Previously published May 24. 2022
Ever since the beginning of the pandemic, the demand for disinfectants has skyrocketed. The market for aerosol disinfecting products has grown by over 400% in March 2020 alone1. Aside from sterilizing surfaces around the house, cleaning agents also pose a safety hazard to the public: the quantity of Poison Control cases involving disinfectants increased by 51% during the quarantine2. In addition, excess use of disinfectants can lead to respiratory problems and decreased air quality3. As such, it is more pressing now than ever to substitute traditional cleaning chemicals with new ones that are less dangerous and more environmentally friendly.
Possible substitutes for current cleaning products, which generally contain chlorine, are phenol-based solutions. Until now, phenol has been considered difficult to harvest efficiently4. In a new study published in PNAS (Proceedings of the National Academy of Sciences of the United States of America), researchers from Fudan University have found a better way to collect phenol from biomass5. Compared to the raw materials required for chlorine and other disinfecting chemicals, biomass (such as wood, and other plant material) is much cleaner to harvest.
The researchers’ starting point was pyroligneous acid, whose production process was first discovered by Johann Rudolph Glauber in the 17th century6. A problem with this acid is its low effective concentration, making it a weak cleaning agent.
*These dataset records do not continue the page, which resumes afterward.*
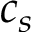<formula> <loc_0><loc_0><loc_500><loc_500>c _ { s }</formula> 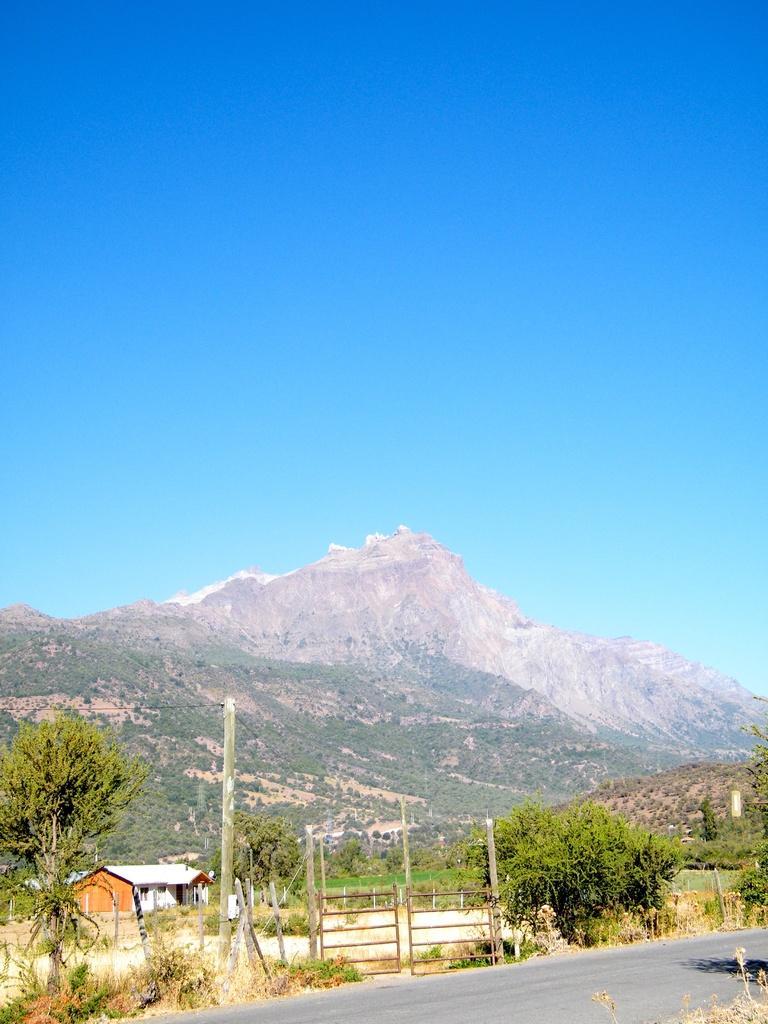In one or two sentences, can you explain what this image depicts? This image is taken outdoors. At the top of the image there is the sky. In the background there is a hill. There are many trees and plants. At the bottom of the image there is a road. In the middle of the image there is a house. There are few trees and plants. There is a pole and there is a gate. 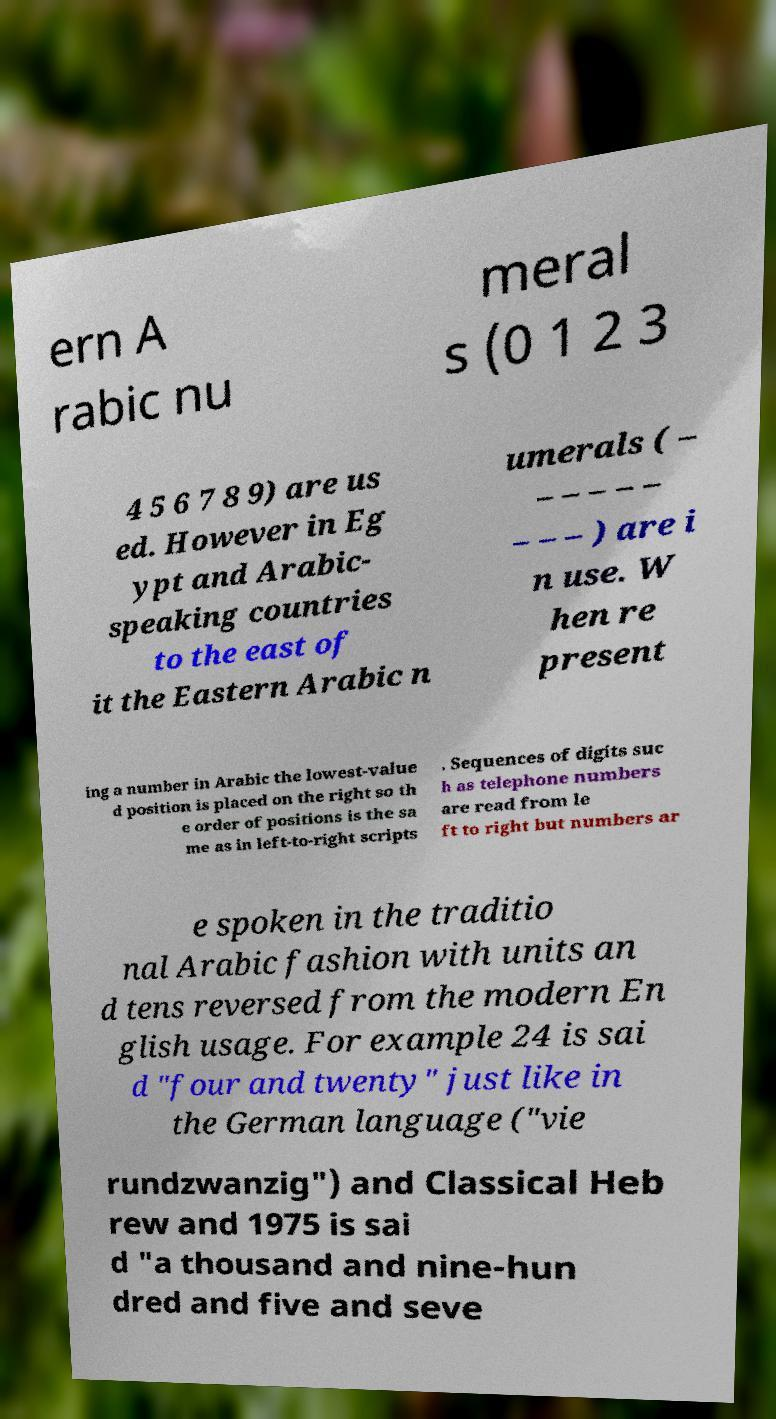Could you assist in decoding the text presented in this image and type it out clearly? ern A rabic nu meral s (0 1 2 3 4 5 6 7 8 9) are us ed. However in Eg ypt and Arabic- speaking countries to the east of it the Eastern Arabic n umerals ( – – – – – – – – – ) are i n use. W hen re present ing a number in Arabic the lowest-value d position is placed on the right so th e order of positions is the sa me as in left-to-right scripts . Sequences of digits suc h as telephone numbers are read from le ft to right but numbers ar e spoken in the traditio nal Arabic fashion with units an d tens reversed from the modern En glish usage. For example 24 is sai d "four and twenty" just like in the German language ("vie rundzwanzig") and Classical Heb rew and 1975 is sai d "a thousand and nine-hun dred and five and seve 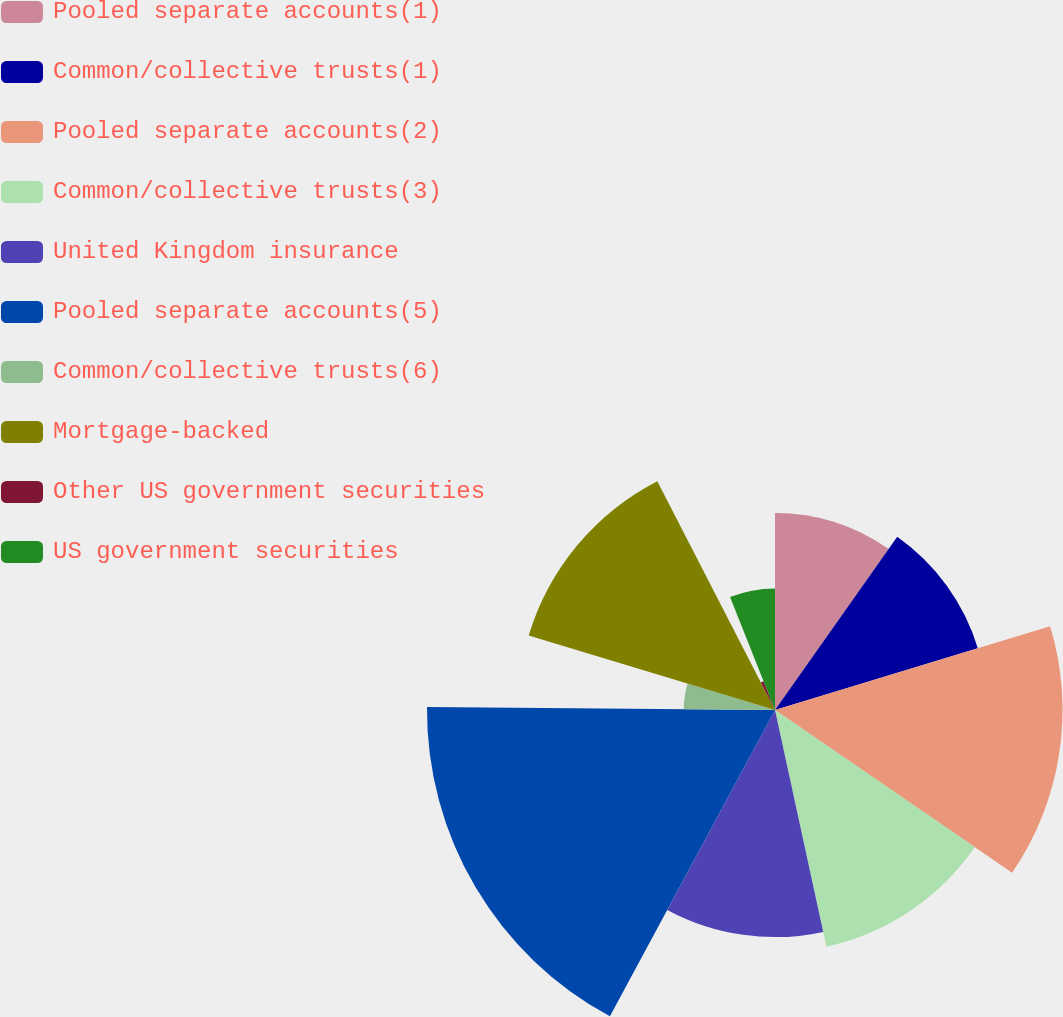Convert chart to OTSL. <chart><loc_0><loc_0><loc_500><loc_500><pie_chart><fcel>Pooled separate accounts(1)<fcel>Common/collective trusts(1)<fcel>Pooled separate accounts(2)<fcel>Common/collective trusts(3)<fcel>United Kingdom insurance<fcel>Pooled separate accounts(5)<fcel>Common/collective trusts(6)<fcel>Mortgage-backed<fcel>Other US government securities<fcel>US government securities<nl><fcel>9.78%<fcel>10.52%<fcel>14.27%<fcel>12.02%<fcel>11.27%<fcel>17.27%<fcel>4.53%<fcel>12.77%<fcel>1.53%<fcel>6.03%<nl></chart> 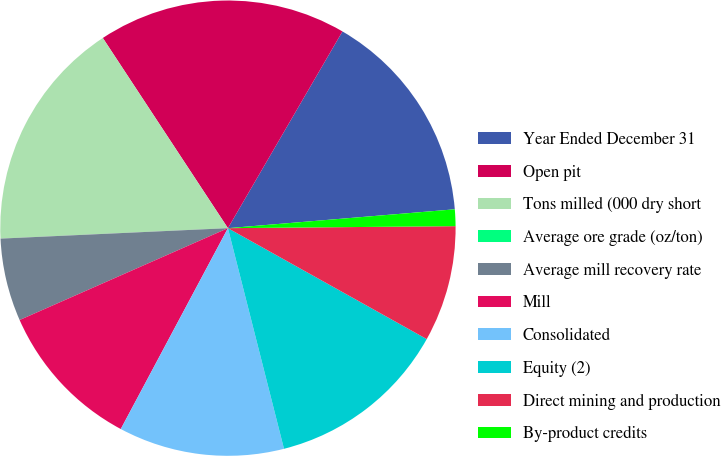Convert chart. <chart><loc_0><loc_0><loc_500><loc_500><pie_chart><fcel>Year Ended December 31<fcel>Open pit<fcel>Tons milled (000 dry short<fcel>Average ore grade (oz/ton)<fcel>Average mill recovery rate<fcel>Mill<fcel>Consolidated<fcel>Equity (2)<fcel>Direct mining and production<fcel>By-product credits<nl><fcel>15.29%<fcel>17.65%<fcel>16.47%<fcel>0.0%<fcel>5.88%<fcel>10.59%<fcel>11.76%<fcel>12.94%<fcel>8.24%<fcel>1.18%<nl></chart> 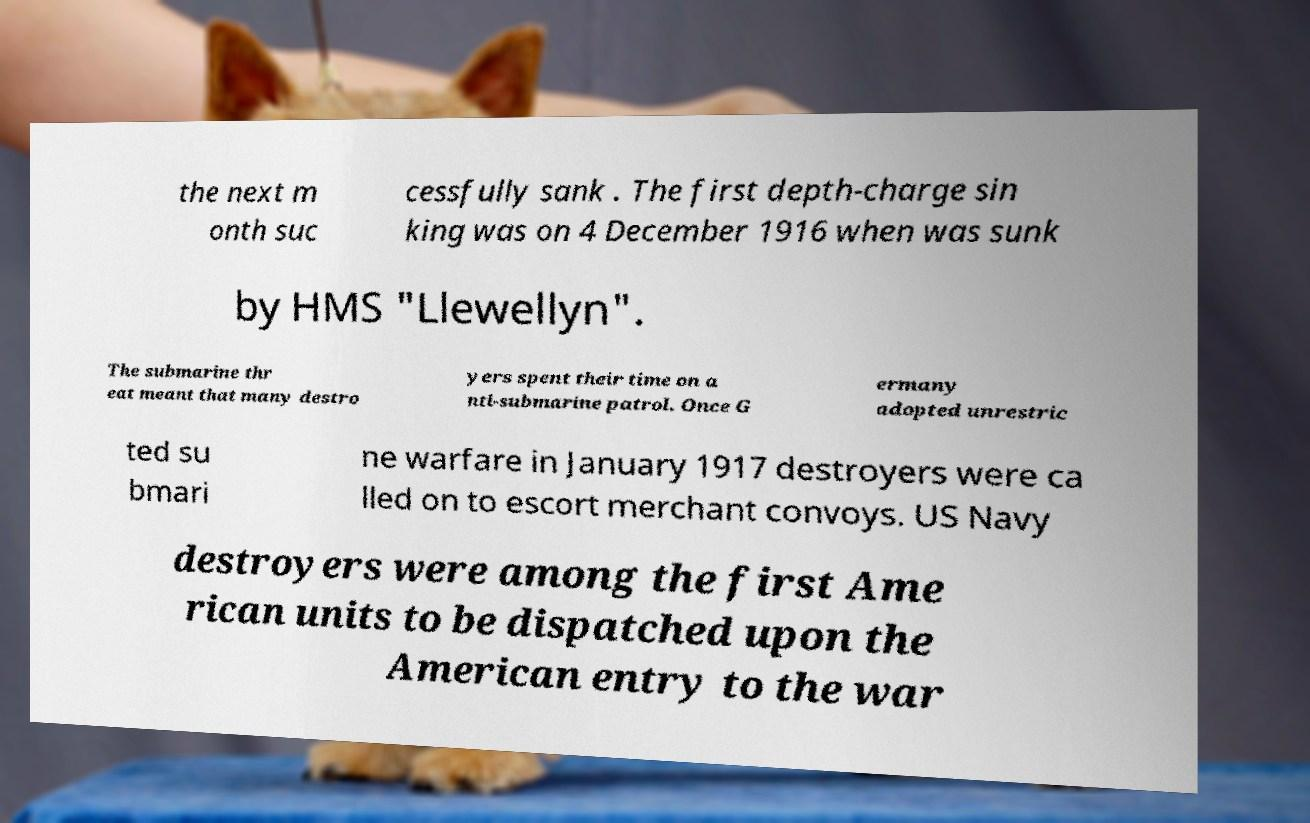What messages or text are displayed in this image? I need them in a readable, typed format. the next m onth suc cessfully sank . The first depth-charge sin king was on 4 December 1916 when was sunk by HMS "Llewellyn". The submarine thr eat meant that many destro yers spent their time on a nti-submarine patrol. Once G ermany adopted unrestric ted su bmari ne warfare in January 1917 destroyers were ca lled on to escort merchant convoys. US Navy destroyers were among the first Ame rican units to be dispatched upon the American entry to the war 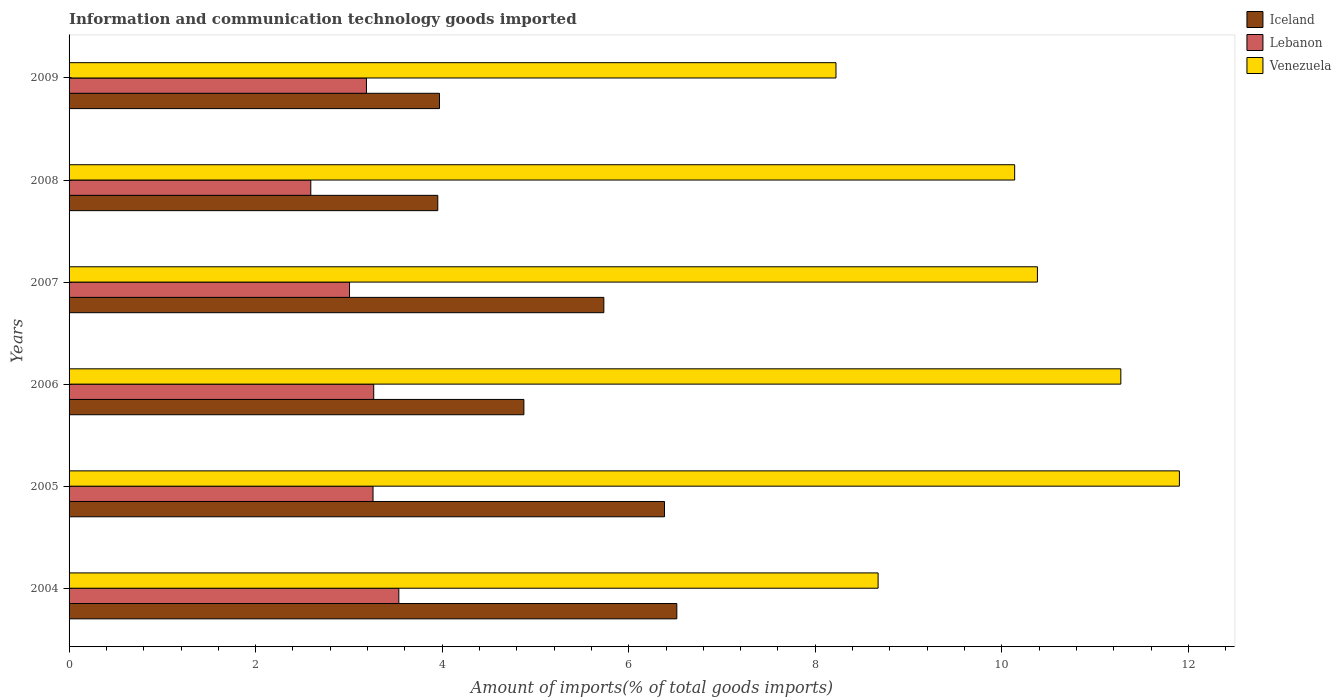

To solve this, the extraction was performed while the wood was undergoing hydrothermal liquefaction, which can result in temperatures of ~300o C and pressures of ~100 atmospheres. The resulting chemical was able to kill common bacteria types, neutralize viruses, and even attack spores. It is also cheaper than many common disinfectants, costing only 4 cents per kilogram5.
And these researchers haven’t made any quality compromises either. The new disinfectant kills Influenza A, Anthrax, and Bacillus subtilis (A challenge bacterium) 99.99%, 99.49%, and 99.99% of the time, respectively. This is comparable to the effectiveness of conventional cleaning agents, a promising sign for the replacement of conventional cleaning agents with new, phenol-based ones.
Ideally, this phenol extraction process will become commercially viable in the future in order to provide safer disinfecting products for the masses. Accessibility will not be a problem because of the wide abundance of biowaste and plant material worldwide. Pandemics and environmental crises may be averted through the transition to these organic solutions.